Hi @hngondoki yes we do on a large-scale OpenMRS entreprise integration. Against Core 2.3.x.

hngondoki · June 18, 2020, 3:51pm

Noted. Thanks

mksd · June 18, 2020, 3:55pm

@hngondoki what’s your use case?

Also note that the README promises something that’s not yet implemented about the initial set of roles to give to users when they are being created (see here). Not a big deal to run the last mile though. However somehow we never had to prioritise it. I detailed it here already: GSoC 2020: Advancement of OAuth2 Module and Improvements in SMART OWA

ssovichhay · December 1, 2020, 4:57am

Hello, everyone! Implemented this and it’s working great for the login/logout process. However, I’m having a problem using Rest APIs where the response containing the login page of the IDP is returned instead of the intended result. So is there a way to bypass SSO dynamically like a url parameter or something?

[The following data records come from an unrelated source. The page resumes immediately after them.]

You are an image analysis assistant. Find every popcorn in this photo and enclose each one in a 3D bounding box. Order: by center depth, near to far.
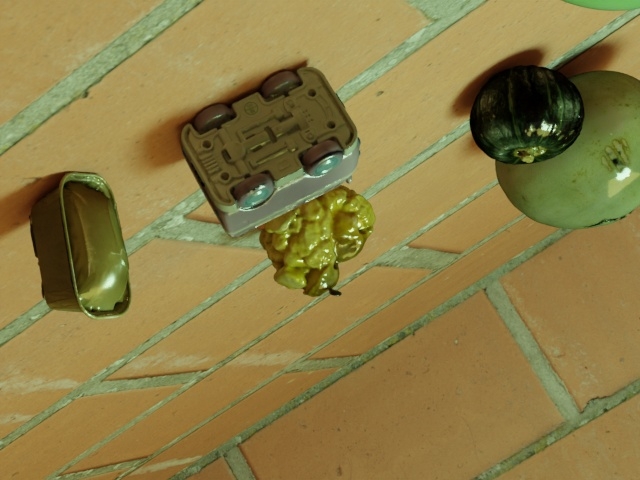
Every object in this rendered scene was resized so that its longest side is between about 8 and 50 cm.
[{"bbox_3d":[-0.015,-0.011,2.017,0.194,0.163,0.140,-59,-166,-16],"label":"popcorn"}]

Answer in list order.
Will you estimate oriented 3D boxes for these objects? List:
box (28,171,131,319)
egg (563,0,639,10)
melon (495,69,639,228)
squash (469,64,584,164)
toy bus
[{"bbox_3d":[-0.279,0.009,1.496,0.111,0.177,0.111,-12,174,-1],"label":"box"},{"bbox_3d":[0.311,-0.350,1.309,0.269,0.220,0.220,-14,160,-32],"label":"egg"},{"bbox_3d":[0.456,-0.150,2.209,0.330,0.268,0.268,-32,168,40],"label":"melon"},{"bbox_3d":[0.328,-0.199,2.017,0.193,0.156,0.193,-15,-179,0],"label":"squash"},{"bbox_3d":[-0.060,-0.110,1.570,0.202,0.142,0.142,-27,160,-9],"label":"toy bus"}]

mksd · December 1, 2020, 1:12pm

Hi @ssovichhay,

That’s intentionally not allowed. If you have configured for the authentication to be delegated elsewhere, then it has to always be, otherwise this introduces obvious security loopholes.

Looks like the HTTP headers that you are showing us are not enough (or are incorrect) to authenticate the user with the identity provider. And that’s why it always redirects you to its login page.

What about those two cookies, where did you get them from? How did you come up with the actual request to make?

I would suggest to look through the app (so through the browser), when authenticated with the identity provider, how a typical REST call looks like. By “look like” I mean looking at all the headers, all the cookies… etc.

ssovichhay · December 2, 2020, 2:34am

Thanks, @mksd for your reply! Are there any documents/posts on how to authenticate the OpenMRS user with the identity provider I should look at? because I only followed the HTTP call from this ; and it worked perfectly before I implemented the OAUTH2 module.

Also, I was using Postman. So it generated a bunch of request headers which I assumed are not necessary to show. As for the 2 cookies, they are generated from the http response.

mksd · December 2, 2020, 9:26am

Your question is identity provider specific, which one do you use?

The first question is: do you get everything running normally (forget about direct API calls for a sec) with your identity provider in place? That means:

some distro of OpenMRS with Core 2.2.1+ ;
with the OAuth 2 Login module ;
with an appropriate oauth2.properties file setup for your identity provider in the OpenMRS app data directory.

If all this is done and working as expected, then you can go stalk on REST requests made by your browser to see what should be in there in terms of headers, cookies, token and so on.

ramashish · May 3, 2023, 3:43am

Will the same work for Bahmni login or do we need to create a separate file for Bahmni login?

mksd · May 3, 2023, 5:39am

@ramashish what do you mean by separate file?

ramashish · May 5, 2023, 5:06am

For OpenMRS, you have mentioned “oauth2.properties file”. I understand that Bahmni uses OpenMRS for authentication, but do we need a similar OAuth2 properties file for Bahmni? If so, where should this file for Bahmni be copied.

mksd · May 5, 2023, 2:22pm

Ah, just in the same way as you would do for any other distribution of OpenMRS (as explained here)

The module consumes a configuration file oauth2.properties that must be dropped in the OpenMRS app data directory:

.
├── modules/
├── openmrs.war
├── openmrs-runtime.properties
├── ...
└── oauth2.properties

chief · May 10, 2023, 7:32am

Hello everyone, @mksd , could you please clarify if we can filter this path ‘/openmrs/ws/rest/v1/location’ ? As afr as I got oauth2 isn’t required here.

chief · May 10, 2023, 7:37am

@mksd , we need to put some extra part to Bahmni login page in order to be able to login via oauth2 module, don’t we?